Given the records below, would you repeat exactly the lines that begin at the one containing "port power switch</text>" and end at the one containing "downstream port 1</text>", inclusive?
+++ Recorded data +++
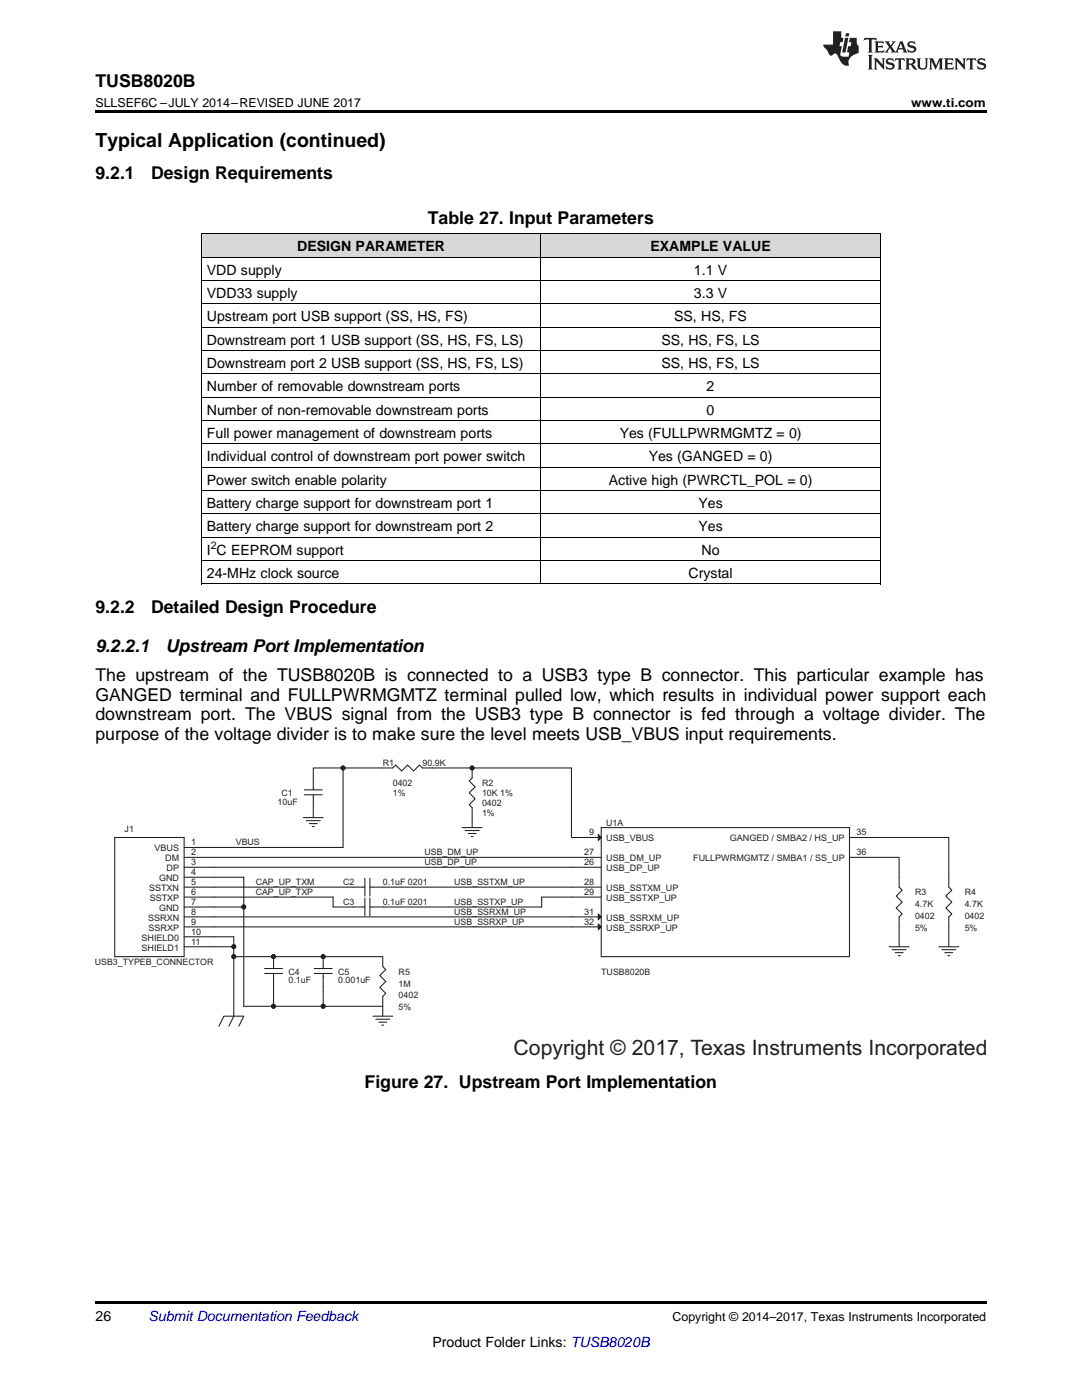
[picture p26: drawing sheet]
<svg xmlns="http://www.w3.org/2000/svg" width="216mm" height="279mm" viewBox="0 0 216 279" stroke-linecap="round" stroke-linejoin="round" font-family="sans-serif">
<defs><g id="words">
<text font-size="4.2" fill="#231f20" x="102.5" y="210.5">Copyright © 2017, Texas Instruments Incorporated</text>
<text font-size="3.9" x="19" y="29.3">Typical Application (continued)</text>
<g font-size="3.5">
<text x="19" y="17.3">TUSB8020B</text>
<text x="19" y="35.6">9.2.1</text>
<text x="30.1" y="35.6">Design Requirements</text>
<text x="85.4" y="44.6">Table 27. Input Parameters</text>
<text x="19" y="122.3">9.2.2</text>
<text x="30.1" y="122.3">Detailed Design Procedure</text>
<text x="19" y="130">9.2.2.1</text>
<text x="33.1" y="130">Upstream Port Implementation</text>
<text x="19" y="136">The upstream of the TUSB8020B is connected to a USB3 type B connector. This particular example has</text>
<text x="19" y="139.9">GANGED terminal and FULLPWRMGMTZ terminal pulled low, which results in individual power support each</text>
<text x="19" y="143.8">downstream port. The VBUS signal from the USB3 type B connector is fed through a voltage divider. The</text>
<text x="19" y="147.6">purpose of the voltage divider is to make sure the level meets USB_VBUS input requirements.</text>
<text x="72.7" y="217.2">Figure 27. Upstream Port Implementation</text>
</g>
<g font-size="2.8">
<text x="59.3" y="50.1">DESIGN PARAMETER</text>
<text x="129.8" y="50.1">EXAMPLE VALUE</text>
<text x="41.3" y="54.8">VDD supply</text>
<text x="41.3" y="59.4">VDD33 supply</text>
<text x="138.5" y="54.8">1.1 V</text>
<text x="138.5" y="59.4">3.3 V</text>
<text x="41.3" y="64.1">Upstream port USB support (SS, HS, FS)</text>
<text x="134.5" y="64.1">SS, HS, FS</text>
<text x="41.3" y="68.8">Downstream port 1 USB support (SS, HS, FS, LS)</text>
<text x="132" y="68.8">SS, HS, FS, LS</text>
<text x="41.3" y="73.4">Downstream port 2 USB support (SS, HS, FS, LS)</text>
<text x="132" y="73.4">SS, HS, FS, LS</text>
<text x="41.3" y="78.1">Number of removable downstream ports</text>
<text x="41.3" y="82.7">Number of non-removable downstream ports</text>
<text x="141" y="78.1">2</text>
<text x="141" y="82.7">0</text>
<text x="41.3" y="87.4">Full power management of downstream ports</text>
<text x="123.6" y="87.4">Yes (FULLPWRMGMTZ = 0)</text>
<text x="41.3" y="92">Individual control of downstream port power switch</text>
<text x="129.4" y="92">Yes (GANGED = 0)</text>
<text x="41.3" y="96.7">Power switch enable polarity</text>
<text x="41.3" y="101.4">Battery charge support for downstream port 1</text>
<text x="121.5" y="96.7">Active high (PWRCTL_POL = 0)</text>
<text x="139.4" y="101.4">Yes</text>
<text x="41.3" y="106">Battery charge support for downstream port 2</text>
<text x="139.4" y="106">Yes</text>
<text x="41.3" y="110.7">I C EEPROM support</text>
<text x="140" y="110.7">No</text>
<text x="41.3" y="115.3">24-MHz clock source</text>
<text x="137.4" y="115.3">Crystal</text>
<text x="19" y="263.6">26</text>
<text x="86.3" y="268.9">Product Folder Links: TUSB8020B</text>
</g>
<text font-size="2.8" fill="#0000c8" x="29.6" y="263.6">Submit Documentation Feedback</text>
<g font-size="2.5">
<text x="19" y="21.4">SLLSEF6C –JULY 2014–REVISED JUNE 2017</text>
<text x="181.8" y="21.4">www.ti.com</text>
<text x="134.2" y="263.6">Copyright © 2014–2017, Texas Instruments Incorporated</text>
</g>
<text font-size="2.1" x="42.1" y="109.5">2</text>
<g font-size="1.8" fill="#241f21">
<text x="76.4" y="152.9">R1</text>
<text x="84.3" y="152.9">90.9K</text>
<text x="55.4" y="160.6">10uF</text>
<text x="56.2" y="158.8">C1</text>
<text x="78.4" y="156.9">0402</text>
<text x="78.4" y="158.8">1%</text>
<text x="96.2" y="156.9">R2</text>
<text x="96.2" y="158.8">10K 1%</text>
<text x="96.2" y="160.8">0402</text>
<text x="24.9" y="166">J1</text>
<text x="96.2" y="162.8">1%</text>
<text x="117.6" y="166.7">9</text>
<text x="121" y="167.9">USB_VBUS</text>
<text x="121" y="164.8">U1A</text>
<text x="145.6" y="167.9">GANGED / SMBA2 / HS_UP</text>
<text x="170.9" y="166.7">35</text>
<text x="30.9" y="169.9">VBUS</text>
<text x="32.9" y="171.9">DM</text>
<text x="33.3" y="173.9">DP</text>
<text x="38.1" y="172.7">3</text>
<text x="38.1" y="168.7">1</text>
<text x="38.1" y="170.7">2</text>
<text x="47" y="168.7">VBUS</text>
<text x="84.7" y="172.7">USB_DP_UP</text>
<text x="84.7" y="170.7">USB_DM_UP</text>
<text x="116.6" y="172.7">26</text>
<text x="116.6" y="170.7">27</text>
<text x="121" y="173.9">USB_DP_UP</text>
<text x="121" y="171.9">USB_DM_UP</text>
<text x="138.3" y="171.9">FULLPWRMGMTZ / SMBA1 / SS_UP</text>
<text x="170.9" y="170.7">36</text>
<text x="29.8" y="177.8">SSTXN</text>
<text x="29.9" y="179.8">SSTXP</text>
<text x="31.7" y="175.9">GND</text>
<text x="38.1" y="176.6">5</text>
<text x="38.1" y="174.7">4</text>
<text x="38.1" y="178.6">6</text>
<text x="51" y="176.6">CAP_UP_TXM</text>
<text x="51" y="178.6">CAP_UP_TXP</text>
<text x="68.5" y="176.7">C2</text>
<text x="76.4" y="176.7">0.1uF 0201</text>
<text x="90.6" y="176.6">USB_SSTXM_UP</text>
<text x="116.6" y="176.6">28</text>
<text x="116.6" y="178.6">29</text>
<text x="121" y="177.8">USB_SSTXM_UP</text>
<text x="121" y="179.8">USB_SSTXP_UP</text>
<text x="182.6" y="178.6">R3</text>
<text x="192.5" y="178.6">R4</text>
<text x="29.5" y="183.8">SSRXN</text>
<text x="29.7" y="185.8">SSRXP</text>
<text x="31.7" y="181.8">GND</text>
<text x="38.1" y="182.6">8</text>
<text x="38.1" y="180.6">7</text>
<text x="38.1" y="184.6">9</text>
<text x="68.5" y="180.6">C3</text>
<text x="76.4" y="180.6">0.1uF 0201</text>
<text x="90.6" y="180.6">USB_SSTXP_UP</text>
<text x="90.6" y="184.6">USB_SSRXP_UP</text>
<text x="90.6" y="182.6">USB_SSRXM_UP</text>
<text x="116.6" y="182.6">31</text>
<text x="116.6" y="184.6">32</text>
<text x="121" y="183.8">USB_SSRXM_UP</text>
<text x="121" y="185.8">USB_SSRXP_UP</text>
<text x="182.6" y="181">4.7K</text>
<text x="182.6" y="183.4">0402</text>
<text x="182.6" y="185.8">5%</text>
<text x="192.5" y="181">4.7K</text>
<text x="192.5" y="183.4">0402</text>
<text x="192.5" y="185.8">5%</text>
<text x="28.2" y="187.8">SHIELD0</text>
<text x="28.2" y="189.7">SHIELD1</text>
<text x="38.1" y="186.5">10</text>
<text x="38.1" y="188.5">11</text>
<text x="18.9" y="192.5">USB3_TYPEB_CONNECTOR</text>
<text x="57.6" y="194.5">C4</text>
<text x="57.6" y="196.3">0.1uF</text>
<text x="67.5" y="194.5">C5</text>
<text x="67.5" y="196.3">0.001uF</text>
<text x="79.5" y="194.5">R5</text>
<text x="79.5" y="196.9">1M</text>
<text x="120" y="194.5">TUSB8020B</text>
<text x="79.5" y="199.3">0402</text>
<text x="79.5" y="201.6">5%</text>
</g>
</g></defs>
<g fill="#d8d8d8">
<path d="M40.2 46.7h67.7v4.7h-67.7z"/>
<path d="M107.9 46.7h67.8v4.7h-67.8z"/>
</g>
<path d="M19 259.7h177.8v.5h-177.8z" fill="#000"/>
<path d="M54.6 190.9h-7.9v11.9M64.5 190.9h11.9" fill="none" stroke="#241f21" stroke-width=".21"/>
<circle cx="46.6" cy="190.9" r=".38" fill="#201f20"/>
<g fill="none" stroke="#241f21" stroke-width=".21">
<path d="M54.6 196.9v3.9h9.9"/>
<circle cx="46.6" cy="190.9" r=".38"/>
</g>
<circle cx="64.5" cy="200.8" r=".39" fill="#201f20"/>
<circle cx="64.5" cy="200.8" r=".39" fill="none" stroke="#241f21" stroke-width=".21"/>
<circle cx="54.6" cy="200.8" r=".39" fill="#201f20"/>
<g fill="none" stroke="#241f21" stroke-width=".21">
<path d="M76.4 177h37.6M46.7 188.9v2M54.6 190.9h9.9M64.5 196.9v3.9h11.9v2M76.4 181h31.7M48.6 200.8h6"/>
<circle cx="54.6" cy="200.8" r=".39"/>
</g>
<circle cx="64.5" cy="190.9" r=".39" fill="#201f20"/>
<circle cx="64.5" cy="190.9" r=".39" fill="none" stroke="#241f21" stroke-width=".21"/>
<circle cx="54.6" cy="190.9" r=".39" fill="#201f20"/>
<g fill="none" stroke="#241f21" stroke-width=".21">
<path d="M42.7 169.1h25.8M48.6 175.1v5.9M46.7 187v1.9h-4"/>
<circle cx="54.6" cy="190.9" r=".39"/>
</g>
<circle cx="46.7" cy="188.9" r=".38" fill="#201f20"/>
<g fill="none" stroke="#241f21" stroke-width=".21">
<path d="M42.7 175.1h5.9M66.5 179v2h3.9M42.7 181h5.9v19.8"/>
<circle cx="46.7" cy="188.9" r=".38"/>
</g>
<circle cx="48.6" cy="181" r=".39" fill="#201f20"/>
<g fill="none" stroke="#241f21" stroke-width=".21">
<path d="M76.4 153.3h-7.9v15.8M42.7 177h27.7M42.7 179h23.8M42.7 173.1h71.3M42.7 171.1h71.3M94.2 163.2v2M114 179h-5.9v2M42.7 187h4M42.7 185h71.3M42.7 183h71.3"/>
<circle cx="48.6" cy="181" r=".39"/>
</g>
<circle cx="68.5" cy="153.3" r=".38" fill="#201f20"/>
<g fill="none" stroke="#241f21" stroke-width=".21">
<path d="M86.3 153.3h27.7"/>
<circle cx="68.5" cy="153.3" r=".38"/>
</g>
<circle cx="94.2" cy="153.3" r=".38" fill="#201f20"/>
<g fill="none" stroke="#241f21" stroke-width=".21">
<path d="M68.5 153.3h-6v2M114 153.3v13.8M60.5 163.2h4M61.1 163.8h2.8M61.7 164.4h1.6M62.3 165h.4M62.5 161.2v2M92.2 165.2h4M92.8 165.8h2.8M93.4 166.3h1.6M94 166.9h.4M114 173.1h6"/>
<path d="M114 171.1h6M114 177h6M114 179h6M120 165.2h49.5v25.7h-49.5zM175.4 171.1h4v4M175.4 167.1h13.9v8M177.4 188.9h4M178 189.5h2.8M178.6 190.1h1.6M179.2 190.7h.4M179.4 185v3.9M187.3 188.9h4"/>
<path d="M187.9 189.5h2.8M188.5 190.1h1.6M189.1 190.7h.4M189.3 185v3.9M43.7 204.8l1-2h3.9l-.9 2M46.7 202.8l-1 2M74.4 202.8h4M75 203.4h2.8M75.6 204h1.6M76.2 204.6h.4"/>
<circle cx="94.2" cy="153.3" r=".38"/>
</g>
<path d="M119.4 182.4l.6 .6-.6 .6z" fill="#201f20"/>
<path d="M114 183h6M119.4 182.4l.6 .6-.6 .6z" fill="none" stroke="#241f21" stroke-width=".21"/>
<path d="M119.4 184.4l.6 .6-.6 .6z" fill="#201f20"/>
<path d="M114 185h6M119.4 184.4l.6 .6-.6 .6z" fill="none" stroke="#241f21" stroke-width=".21"/>
<path d="M119.4 166.6l.6 .5-.6 .6z" fill="#201f20"/>
<g fill="none" stroke="#241f21" stroke-width=".21">
<path d="M60.7 158.6h3.6M60.7 157.6h3.6M62.5 155.3v2.3M62.5 158.6v2.6M76.4 153.3h2l.6-.6 1.1 1.2 1.2-1.2 1.2 1.2 1.2-1.2 .6 .6h2M94.2 153.3v2l-.6 .5 1.2 1.2-1.2 1.2 1.2 1.2-1.2 1.2 .6 .6v2M22.9 167.1h13.8v23.8h-13.8zM36.7 169.1h6M36.7 171.1h6M36.7 173.1h6M36.7 175.1h6M36.7 177h6"/>
<path d="M36.7 179h6M72.8 177h-2.4M72.8 175.3v3.5M72.8 179.2v3.6M73.8 177h2.6M73.8 175.3v3.5M73.8 179.2v3.6M114 167.1h6M119.4 166.6l.6 .5-.6 .6zM169.5 167.1h5.9M169.5 171.1h5.9M179.4 175.1v1.9l.6 .7-1.2 1.1 1.2 1.2-1.2 1.2 1.2 1.2-.6 .6v2"/>
<path d="M189.3 175.1v1.9l.6 .7-1.2 1.1 1.2 1.2-1.2 1.2 1.2 1.2-.6 .6v2M36.7 181h6M36.7 183h6M36.7 185h6M36.7 187h6M36.7 188.9h6M52.8 194.3h3.6M52.8 193.3h3.6M54.6 190.9v2.4M54.6 194.3v2.6M62.7 194.3h3.6M62.7 193.3h3.6"/>
<path d="M64.5 190.9v2.4M64.5 194.3v2.6M72.8 181h-2.4M73.8 181h2.6M76.4 190.9v2l.6 .6-1.2 1.2 1.2 1.2-1.2 1.2 1.2 1.1-.6 .7v1.9"/>
</g>
<circle cx="46.6" cy="190.9" r=".38" fill="#201f20"/>
<circle cx="46.6" cy="190.9" r=".38" fill="none" stroke="#241f21" stroke-width=".21"/>
<circle cx="64.5" cy="200.8" r=".39" fill="#201f20"/>
<circle cx="64.5" cy="200.8" r=".39" fill="none" stroke="#241f21" stroke-width=".21"/>
<circle cx="54.6" cy="200.8" r=".39" fill="#201f20"/>
<circle cx="54.6" cy="200.8" r=".39" fill="none" stroke="#241f21" stroke-width=".21"/>
<circle cx="64.5" cy="190.9" r=".39" fill="#201f20"/>
<circle cx="64.5" cy="190.9" r=".39" fill="none" stroke="#241f21" stroke-width=".21"/>
<circle cx="54.6" cy="190.9" r=".39" fill="#201f20"/>
<circle cx="54.6" cy="190.9" r=".39" fill="none" stroke="#241f21" stroke-width=".21"/>
<circle cx="46.7" cy="188.9" r=".38" fill="#201f20"/>
<circle cx="46.7" cy="188.9" r=".38" fill="none" stroke="#241f21" stroke-width=".21"/>
<circle cx="48.6" cy="181" r=".39" fill="#201f20"/>
<circle cx="48.6" cy="181" r=".39" fill="none" stroke="#241f21" stroke-width=".21"/>
<circle cx="68.5" cy="153.3" r=".38" fill="#201f20"/>
<circle cx="68.5" cy="153.3" r=".38" fill="none" stroke="#241f21" stroke-width=".21"/>
<circle cx="94.2" cy="153.3" r=".38" fill="#201f20"/>
<circle cx="94.2" cy="153.3" r=".38" fill="none" stroke="#241f21" stroke-width=".21"/>
<g fill="none" stroke="#000" stroke-width=".2">
<path d="M40.2 56h135.5M40.2 51.3h135.5M40.2 46.7h135.5M40.3 46.7v69.9M107.9 46.7v69.9M175.6 46.7v69.9M40.2 79.3h135.5M40.2 74.6h135.5M40.2 70h135.5M40.2 65.3h135.5M40.2 60.7h135.5M40.2 97.9h135.5"/>
<path d="M40.2 93.3h135.5M40.2 88.6h135.5M40.2 83.9h135.5M40.2 116.5h135.5M40.2 111.9h135.5M40.2 107.2h135.5M40.2 102.6h135.5"/>
</g>
<path d="M19 22h177.8v.5h-177.8zM40.2 116.6h.1zM175.6 116.6h.1z" fill="#000"/>
<g fill="#231f20">
<path d="M172.5 7.6l-.1 .5 .4-.2h.6v.1v2.1l-.2 .4h.9l-.2-.4v-2.1l.1-.1h.5l.5 .2-.2-.5zM174.5 8.3l.2 .3v1.5l-.2 .4h1.8l.2-.6a1.04 1.04 0 0 1-1.3 .2v-.7h.6l.3 .2v-.6l-.3 .2h-.6v-.6l.8-.1 .4 .3-.2-.5zM176.5 8.3l.9 1.1-.9 1.1h.8l-.2-.2 .4-.7 .5 .7-.2 .2h1.5l-.2-.2 .2-.4h.9l.1 .4-.2 .2h1l-.3-.3-.7-1.9h-.5l-.9 2-.8-1 .9-1h-.8l.1 .3-.4 .5-.3-.6 .1-.2zM179.7 8.6l.4 1h-.7zM181.3 8.4a.63 .63 0 0 0-.2 .7 .63 .63 0 0 0 .6 .4l.6 .2 .1 .2a.75 .75 0 0 1-.7 .4 .75 .75 0 0 1-.6-.5l.1 .7 .1-.1a1.11 1.11 0 0 0 1.5-.6 1.13 1.13 0 0 0-1.2-.8l-.1-.4a1.04 1.04 0 0 1 1.2 .2l-.2-.5-.2 .1-.4-.2zM173.2 10.9l.2 .4v2.2l-.2 .4h1l-.3-.4v-2.2l.3-.4zM174.3 11.6l.3 .4v1.5l-.3 .4h.8l-.2-.4v-1.3l1.5 1.7v-1.9l.2-.4h-.7l.2 .4v.9l-1.1-1.3zM177 11.8a.62 .62 0 0 0-.2 .7 .62 .62 0 0 0 .6 .4l.6 .1 .1 .3a.76 .76 0 0 1-.7 .3 .76 .76 0 0 1-.7-.4l.2 .7 .1-.1a1.11 1.11 0 0 0 1.5-.6 1.13 1.13 0 0 0-1.2-.8l-.1-.4a1.04 1.04 0 0 1 1.2 .2l-.2-.6-.2 .1-.5-.1zM178.7 11.6l-.2 .6a.61 .61 0 0 1 .8-.3v1.6l-.2 .4h.9l-.2-.4v-1.6a.63 .63 0 0 1 .7 .3l-.1-.6zM180.6 11.6l.3 .4v1.5l-.3 .4h1l-.2-.2-.1-.8 .6 .2a.76 .76 0 0 0 1.2 .7l-1-1a.58 .58 0 0 0 .6-.5 .58 .58 0 0 0-.5-.6zM181.4 11.9h.1a.45 .45 0 0 1 .5 .1 .45 .45 0 0 1 .1 .5l-.8 .2zM182.9 11.6l.2 .2a2.17 2.17 0 0 0 .3 1.9 .99 .99 0 0 0 1.6-.6v-1.1l.2-.4h-.7l.2 .2a1.92 1.92 0 0 1-.2 1.8 .6 .6 0 0 1-.9-.5v-1.1l.2-.4zM185.4 11.6l.2 .4v1.5l-.2 .4h.7l-.2-.4v-1.4l.8 1.8 .8-1.8v1.4l-.2 .4h.9l-.2-.4v-1.5l.2-.4h-.8l-.6 1.5-.6-1.5zM188.4 11.6l.2 .4v1.5l-.2 .4h1.8l.1-.6a1.04 1.04 0 0 1-1.2 .1v-.6h.5l.4 .2v-.6l-.4 .2h-.5v-.7h.8l.3 .3-.1-.6zM190.5 11.6l.2 .4v1.5l-.2 .4h.7l-.2-.4v-1.3l1.5 1.7v-1.9l.2-.4h-.7l.2 .4v.9l-1.1-1.3zM192.9 11.6l-.1 .6a.61 .61 0 0 1 .7-.3l.1 1.6-.3 .4h1l-.3-.4 .1-1.6a.63 .63 0 0 1 .7 .3l-.1-.6zM195.2 11.8a.62 .62 0 0 0-.2 .7 .62 .62 0 0 0 .6 .4l.6 .1 .1 .3a.76 .76 0 0 1-.7 .3 .76 .76 0 0 1-.6-.4l.1 .7 .1-.1a1.11 1.11 0 0 0 1.6-.6 1.13 1.13 0 0 0-1.3-.8l-.1-.4a1.04 1.04 0 0 1 1.2 .2l-.1-.6-.2 .1-.5-.1z"/>
<path d="M166.2 6.3v2.6h-1.9v.4l.8 .9a.91 .91 0 0 0 1 .8 .56 .56 0 0 1 .5-.3 .56 .56 0 0 1 .5 .3l.4 .8a1.53 1.53 0 0 0 1.9 1.2 1.54 1.54 0 0 1 1-2.1l.9-.3v-1.4a1.52 1.52 0 0 1-.4-1.6h-1.3l-.2 .8h.5l-.2 .8h-.5l-.1 1v.2l.4 .1-.2 .8a1.93 1.93 0 0 1-1.6-.3l.3-1.8h-.5l.2-.8h.4l.2-.8h-.4v-1.3zM168.6 7.6l-.6 2.9h.7l.6-2.9zM168.8 6.6l-.1 .7h.6l.2-.7z"/>
</g>
<use href="#words"/>
</svg>
+++
### Answer to the exercise:
<text x="41.3" y="92">Individual control of downstream port power switch</text>
<text x="129.4" y="92">Yes (GANGED = 0)</text>
<text x="41.3" y="96.7">Power switch enable polarity</text>
<text x="41.3" y="101.4">Battery charge support for downstream port 1</text>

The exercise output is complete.